The introduction to the collection sets the tone, with a Mike-Carlin-drawn (no, really!) Batman in the style of Sergio Aragones introducing profiles done in the voice of each character. The creators, characters, and readers are all older, more jaded, and and in the case of the heroes, a bit more shop-worn, so that becomes part of the premise: businessman Max Lord reunites the team as the “Super Buddies”, super-heroes for hire.

After Sue and Fire antagonize the guys by rating them on a scale of 1 to 10, the team winds up clashing with Harvard-educated street hoodlums. Much of the humor in the series happens through unexpected contrasts of this type, as when Captain Mary Marvel’s “golly gee whiz” innocence is belied by her amazing abilities. When the heroes are kidnapped by Roulette to fight in her arena, Marvel and Atom battle to the death (under mind control, of course). Then the aliens arrive.

There are a bunch more cameos, all wonderfully fun. The expressive Maguire art is an essential support for the back-and-forth dialogue. Snappy conversation drives the story and the comedy, especially once robot ex-lackey L-Ron shows up to help with recruiting. (A special mention here to letterer Bob Lappan, who quite accurately is credited as “the only person on the face of the planet who can fit all those #$#%$ words on the page”.)

This kind of humor has been missing from the superhero genre. It’s a shame that there isn’t more of it available, but this collection helps fill the laugh gap.

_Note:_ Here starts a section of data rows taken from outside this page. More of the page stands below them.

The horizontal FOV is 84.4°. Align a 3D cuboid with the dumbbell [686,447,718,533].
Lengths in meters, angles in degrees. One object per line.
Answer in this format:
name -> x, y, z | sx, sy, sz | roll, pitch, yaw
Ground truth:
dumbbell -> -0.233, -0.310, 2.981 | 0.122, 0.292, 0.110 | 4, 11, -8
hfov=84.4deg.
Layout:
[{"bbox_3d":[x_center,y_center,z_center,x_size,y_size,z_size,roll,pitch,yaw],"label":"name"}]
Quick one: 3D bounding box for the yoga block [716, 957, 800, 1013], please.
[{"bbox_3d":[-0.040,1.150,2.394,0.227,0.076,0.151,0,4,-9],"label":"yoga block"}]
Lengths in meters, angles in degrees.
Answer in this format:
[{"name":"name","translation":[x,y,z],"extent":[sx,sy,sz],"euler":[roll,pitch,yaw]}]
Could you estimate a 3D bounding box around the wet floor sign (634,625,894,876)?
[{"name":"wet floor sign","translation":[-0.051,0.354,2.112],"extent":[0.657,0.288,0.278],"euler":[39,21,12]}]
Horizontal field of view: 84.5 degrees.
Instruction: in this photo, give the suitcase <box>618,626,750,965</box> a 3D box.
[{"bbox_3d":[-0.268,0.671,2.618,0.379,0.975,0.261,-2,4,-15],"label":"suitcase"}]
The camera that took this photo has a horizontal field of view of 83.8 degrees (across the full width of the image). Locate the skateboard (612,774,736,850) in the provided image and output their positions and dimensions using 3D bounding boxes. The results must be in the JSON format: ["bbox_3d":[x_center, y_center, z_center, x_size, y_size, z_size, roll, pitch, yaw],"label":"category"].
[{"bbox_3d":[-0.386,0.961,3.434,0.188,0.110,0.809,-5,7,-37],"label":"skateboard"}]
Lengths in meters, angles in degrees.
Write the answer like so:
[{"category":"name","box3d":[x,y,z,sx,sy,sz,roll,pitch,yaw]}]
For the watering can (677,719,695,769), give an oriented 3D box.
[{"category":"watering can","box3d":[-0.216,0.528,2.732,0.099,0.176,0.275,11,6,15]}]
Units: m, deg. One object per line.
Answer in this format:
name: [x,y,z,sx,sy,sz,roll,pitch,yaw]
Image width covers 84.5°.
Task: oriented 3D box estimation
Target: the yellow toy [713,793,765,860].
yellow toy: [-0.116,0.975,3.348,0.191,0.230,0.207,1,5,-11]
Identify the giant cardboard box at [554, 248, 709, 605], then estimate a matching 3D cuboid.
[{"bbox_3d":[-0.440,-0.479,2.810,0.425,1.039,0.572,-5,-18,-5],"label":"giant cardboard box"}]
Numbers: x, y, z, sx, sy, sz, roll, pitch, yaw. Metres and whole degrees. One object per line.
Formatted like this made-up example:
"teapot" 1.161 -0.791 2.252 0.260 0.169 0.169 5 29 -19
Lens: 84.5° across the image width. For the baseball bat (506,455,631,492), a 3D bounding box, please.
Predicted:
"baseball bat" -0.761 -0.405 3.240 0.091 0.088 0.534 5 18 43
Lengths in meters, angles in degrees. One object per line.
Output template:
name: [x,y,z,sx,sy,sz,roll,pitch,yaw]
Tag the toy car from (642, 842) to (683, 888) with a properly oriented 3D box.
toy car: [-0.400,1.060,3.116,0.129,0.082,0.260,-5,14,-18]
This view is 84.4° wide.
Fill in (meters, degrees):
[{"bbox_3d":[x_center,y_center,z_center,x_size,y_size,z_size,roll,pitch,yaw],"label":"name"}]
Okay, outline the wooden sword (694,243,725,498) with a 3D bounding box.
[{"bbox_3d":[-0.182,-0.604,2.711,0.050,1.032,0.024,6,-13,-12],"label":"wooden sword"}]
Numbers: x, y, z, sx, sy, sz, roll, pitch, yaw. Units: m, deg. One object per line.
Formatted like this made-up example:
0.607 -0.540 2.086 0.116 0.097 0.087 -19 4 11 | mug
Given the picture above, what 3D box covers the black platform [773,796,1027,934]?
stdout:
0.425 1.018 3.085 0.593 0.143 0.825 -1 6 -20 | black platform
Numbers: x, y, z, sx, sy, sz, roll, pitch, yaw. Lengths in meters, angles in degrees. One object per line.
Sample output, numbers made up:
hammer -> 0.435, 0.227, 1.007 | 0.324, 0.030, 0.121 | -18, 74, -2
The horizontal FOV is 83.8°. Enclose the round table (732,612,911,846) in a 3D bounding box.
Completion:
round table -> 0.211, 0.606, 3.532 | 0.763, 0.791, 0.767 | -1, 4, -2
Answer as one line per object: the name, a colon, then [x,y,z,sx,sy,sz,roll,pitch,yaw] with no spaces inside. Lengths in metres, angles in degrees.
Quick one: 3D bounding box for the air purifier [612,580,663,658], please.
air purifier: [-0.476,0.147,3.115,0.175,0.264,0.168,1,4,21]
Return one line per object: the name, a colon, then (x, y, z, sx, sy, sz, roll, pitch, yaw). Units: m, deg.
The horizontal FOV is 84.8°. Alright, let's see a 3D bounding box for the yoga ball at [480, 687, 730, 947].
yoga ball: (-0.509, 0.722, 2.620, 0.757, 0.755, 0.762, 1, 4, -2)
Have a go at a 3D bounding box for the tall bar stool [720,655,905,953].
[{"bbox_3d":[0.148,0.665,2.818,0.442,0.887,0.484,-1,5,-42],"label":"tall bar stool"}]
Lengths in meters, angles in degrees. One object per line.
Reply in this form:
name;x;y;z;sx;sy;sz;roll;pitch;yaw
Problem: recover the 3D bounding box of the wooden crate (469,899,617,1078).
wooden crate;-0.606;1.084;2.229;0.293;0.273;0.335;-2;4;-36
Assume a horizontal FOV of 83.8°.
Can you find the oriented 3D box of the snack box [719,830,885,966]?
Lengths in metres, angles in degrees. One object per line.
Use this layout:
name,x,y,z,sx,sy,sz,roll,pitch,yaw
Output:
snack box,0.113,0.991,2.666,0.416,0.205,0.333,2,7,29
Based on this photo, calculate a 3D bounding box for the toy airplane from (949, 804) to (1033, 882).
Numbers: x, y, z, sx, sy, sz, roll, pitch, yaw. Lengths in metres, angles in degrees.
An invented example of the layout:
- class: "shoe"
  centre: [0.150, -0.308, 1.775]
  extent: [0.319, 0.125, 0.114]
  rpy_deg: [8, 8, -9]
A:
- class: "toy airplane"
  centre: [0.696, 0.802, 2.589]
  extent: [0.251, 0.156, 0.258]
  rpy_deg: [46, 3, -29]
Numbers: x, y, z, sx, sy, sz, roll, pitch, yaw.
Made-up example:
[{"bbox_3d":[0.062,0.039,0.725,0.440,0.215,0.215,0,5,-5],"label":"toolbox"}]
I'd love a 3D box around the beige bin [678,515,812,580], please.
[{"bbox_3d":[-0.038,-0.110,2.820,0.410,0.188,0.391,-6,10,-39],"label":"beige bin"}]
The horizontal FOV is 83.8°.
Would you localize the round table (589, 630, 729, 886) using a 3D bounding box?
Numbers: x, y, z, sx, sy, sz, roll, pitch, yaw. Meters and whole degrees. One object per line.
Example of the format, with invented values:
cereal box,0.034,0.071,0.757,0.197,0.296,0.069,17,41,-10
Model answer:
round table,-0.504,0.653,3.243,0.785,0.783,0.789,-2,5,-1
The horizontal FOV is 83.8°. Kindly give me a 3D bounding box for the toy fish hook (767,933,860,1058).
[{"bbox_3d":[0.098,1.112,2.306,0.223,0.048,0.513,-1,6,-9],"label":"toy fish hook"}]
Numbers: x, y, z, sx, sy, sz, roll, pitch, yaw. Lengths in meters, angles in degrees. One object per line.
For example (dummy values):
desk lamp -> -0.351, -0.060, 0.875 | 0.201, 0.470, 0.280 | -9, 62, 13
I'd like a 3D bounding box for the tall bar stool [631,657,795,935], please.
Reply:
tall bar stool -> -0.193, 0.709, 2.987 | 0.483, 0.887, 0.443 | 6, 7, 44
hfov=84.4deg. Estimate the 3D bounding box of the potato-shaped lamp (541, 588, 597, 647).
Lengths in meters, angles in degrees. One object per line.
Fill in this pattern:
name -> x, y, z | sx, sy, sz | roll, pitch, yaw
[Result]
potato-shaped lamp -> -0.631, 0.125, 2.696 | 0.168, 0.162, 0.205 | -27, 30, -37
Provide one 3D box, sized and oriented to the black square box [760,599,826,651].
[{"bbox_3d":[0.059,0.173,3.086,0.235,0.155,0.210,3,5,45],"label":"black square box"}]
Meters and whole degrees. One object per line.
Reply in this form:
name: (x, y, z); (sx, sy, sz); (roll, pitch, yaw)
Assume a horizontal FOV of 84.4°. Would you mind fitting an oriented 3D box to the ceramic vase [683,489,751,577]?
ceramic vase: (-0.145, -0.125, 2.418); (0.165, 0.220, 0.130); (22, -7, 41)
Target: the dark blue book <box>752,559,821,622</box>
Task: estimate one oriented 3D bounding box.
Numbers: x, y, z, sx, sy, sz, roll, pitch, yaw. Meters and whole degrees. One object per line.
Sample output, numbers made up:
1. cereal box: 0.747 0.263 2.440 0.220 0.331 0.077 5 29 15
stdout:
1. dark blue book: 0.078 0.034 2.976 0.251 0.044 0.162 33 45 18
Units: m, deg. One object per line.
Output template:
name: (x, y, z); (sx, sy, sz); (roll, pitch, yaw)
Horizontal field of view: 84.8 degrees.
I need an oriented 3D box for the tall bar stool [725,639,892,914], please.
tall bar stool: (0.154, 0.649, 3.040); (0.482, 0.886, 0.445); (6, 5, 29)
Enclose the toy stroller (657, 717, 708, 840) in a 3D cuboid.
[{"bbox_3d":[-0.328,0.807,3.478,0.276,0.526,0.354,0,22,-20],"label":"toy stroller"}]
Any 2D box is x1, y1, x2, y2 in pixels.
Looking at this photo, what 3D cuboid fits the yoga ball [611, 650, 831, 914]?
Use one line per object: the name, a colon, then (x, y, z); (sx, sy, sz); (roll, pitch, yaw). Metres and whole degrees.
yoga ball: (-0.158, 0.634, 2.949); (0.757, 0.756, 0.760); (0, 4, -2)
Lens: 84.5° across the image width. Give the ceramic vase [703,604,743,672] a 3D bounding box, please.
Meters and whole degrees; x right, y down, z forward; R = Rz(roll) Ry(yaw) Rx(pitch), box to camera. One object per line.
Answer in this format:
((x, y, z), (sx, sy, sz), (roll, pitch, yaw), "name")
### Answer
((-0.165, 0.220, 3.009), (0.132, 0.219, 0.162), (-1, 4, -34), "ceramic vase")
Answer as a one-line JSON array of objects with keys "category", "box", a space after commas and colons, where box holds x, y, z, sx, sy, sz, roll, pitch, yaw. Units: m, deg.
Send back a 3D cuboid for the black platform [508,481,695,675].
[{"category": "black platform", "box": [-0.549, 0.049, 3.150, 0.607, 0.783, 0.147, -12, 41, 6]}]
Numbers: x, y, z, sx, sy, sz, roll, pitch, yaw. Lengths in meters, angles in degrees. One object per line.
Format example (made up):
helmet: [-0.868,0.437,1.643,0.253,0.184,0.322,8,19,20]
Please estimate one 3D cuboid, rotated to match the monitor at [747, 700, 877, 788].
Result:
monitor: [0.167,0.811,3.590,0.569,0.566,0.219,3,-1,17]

Similar Posts: Justice League: War Extras, Images, and Video Clips § Justice League: War Launches New Line of Connected OVAs § Justice League: Doom Trailer § Justice League: War (Blu-ray Review) § Justice League: Doom Pictures and Casting News


5 Responses to “Formerly Known as the Justice League”

  1. hostile17 Says:

    The humorous contrast preseinted in this book when compared to later grittier tales in the DC universe and the irony of characters like Maxwell Lord and Sue Dibny being in this book when there is very little humor in the controversial tales which would spring in the wake of “Identity Crisis” will not be lost to readers who are up on current DC continuity. Giffen and DeMatteis have made names for themselves writing these kinds of books as Marvel’s “Defenders” later illustrated. A very good TPB if only to read their take on the classic characters such as Beetle, Booster and Mary Marvel.

  2. Anonymous Says:

    It may be worth noting that “Giffen and DeMatteis” is now a BOOM STUDIOS exclusive. Which is to say that Giffern or DeMatteis can write for whoever, but Giffen and DeMatteis will only write for Boom Studios from now on. I recall an interview with Mr Giffen from 2004 where he expressed the belief that working with Marc was the best collaboration he had in comics and he intended to ensure they worked together as much as possible in the future. Or something like that.

  3. Gabriel Says:

    Was excited to see the review as I’m a huge fan of this creative team. Their late 80′s run is my favorite DC collaboration and among my faves of all time, all companies.
    That said, I was indeed very dissapointed when Identity/Infinite Crisis and all those came around and tarnished and practically negated this classic period of DC history. Very sad that these days are gone. Truly a shame.
    Regarding BOOM STUDIOS, anybody out there hear anything that’s coming out by them?

  4. Johanna Says:

    My Boom Studios coverage starts here and discusses the superhero books here.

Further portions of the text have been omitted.